If there are no paragraph separations in this article, double-click on the title and they will appear. 🙂
Mardi Gras Murder,” by Ellen Byron, is an Agatha Award winner. The family of Magnolia Marie (Maggie) Crozat, an artist/B&B owner, has lived in Louisiana for generations. In the weeks before Mardi Gras, a torrential rain hits the Parish, submerging houses as the water rises. Wreckage is left behind, but so is the body of a stranger, found at the back of the Crozat property. But Mardi Gras will go on in the tight-knit community, despite the damage and the dead body.
In this entertaining Cajun mystery, gumbo pots are sacred and locked in safes along with secret recipes. Happily, because of the internal Crozat family competition for the top gumbo prize, there are several cooking scenes. I could smell the fabulous seafood gumbo while it simmered on the stove, and learned there are as many kinds of gumbo as there are cooks to debate their choices. Byron cleverly included that banter in the book.

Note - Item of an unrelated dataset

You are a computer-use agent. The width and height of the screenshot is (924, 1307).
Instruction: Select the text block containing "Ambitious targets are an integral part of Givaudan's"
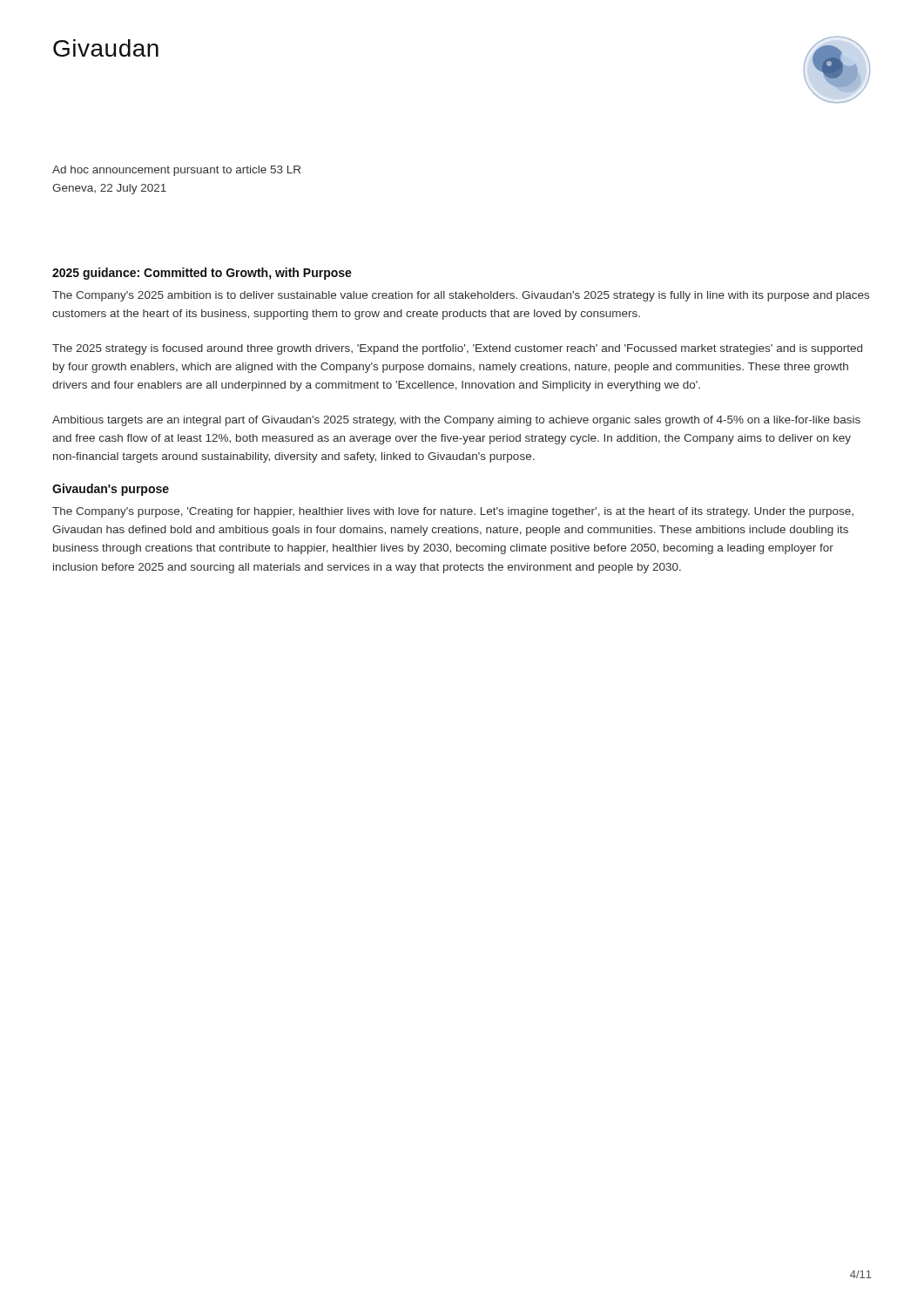457,438

“Mardi Gras Murder” engages and informs us with local history and dialect while supplying us with more than one mystery to solve, more than one body, and more than one plausible suspect, along with yummy sounding recipes.
“The Fixer” by Joseph Finder
Former legitimate journalist, Rick Hoffman, is down on his luck, his girlfriend has thrown him out, and he has to sleep on a couch in his dad’s old home. In the process of chasing squirrels in the house that has been neglected for years, Hoffman discovers a secret in the attic – a $3 million stash.
Finder has a genius for making his heroes real and as un-Bond-like as possible, yet with enough smarts as necessary to get them out of trouble, and trouble abounds in this barn-burner of a book.
Hoffman looks into what his father was doing before his severe stroke twenty years earlier. Word gets out and bad guys trip over each other in “The Fixer” to keep Hoffman quiet, including car trunks, plastic ties, tracking devices, and assorted other scare tactics. With lots of action and jaw-dropping twists, there are moments when you wonder if our hero, Rick Hoffman, will live through it all.
The reason behind the $3 million stash is absorbing and serious at its core. Finder made me wonder if the plot was based on a real-life incident, but only he and some of the citizens of Boston know the truth for sure. “The Fixer” is one of the best thrillers I’ve read.
“Death by Chocolate Cherry Cheesecake” by Sarah Graves
Sarah Graves, author of the popular Home Repair Is Homicide series, has a spinoff series that begins with “Death by Chocolate Cherry Cheesecake,” featuring Jacobia Tiptree and Ellie White from Eastport, Maine. They now own a chocolate shop, The Chocolate Moose.
When Jacobia arrives at The Chocolate Moose one morning, the place is dark and she trips over a very dead health inspector, his head leaning into a pot of chocolate. A health inspector she and Ellie have been battling with.
Can a chocolate shop recover from a dead guy falling into its signature chocolate? “Death by Chocolate Cherry Cheesecake” features a great mystery with clever misdirection, warm friendships, touching scenes with her father that brought tears to my eyes, a missing son with a surprise of his own, a hurricane, and a Maine setting that is a character in itself.
“Unholy Covenant” by Lynn Chandler Willis
“Unholy Covenant” is a fascinating fictional account of Patricia Kimble’s real-life murder in small town North Carolina. Willis, former newspaper owner/reporter, followed the Kimble case during the investigations and the trial, and had access to all the major players. I was thoroughly engaged as she described what led to the murder of this inconvenient wife.
Willis gives us a chilling look at the ways Kimble ruled his corner of the world by fear, lies, intimidation, and a bit of charm, taking advantage of the weaknesses he saw in the people around him.
Follow along as accusations, confessions, arson, burglary, and hit lists are revealed in “Unholy Covenant,” an amazing look behind the scenes of a case that still intrigues the public decades later.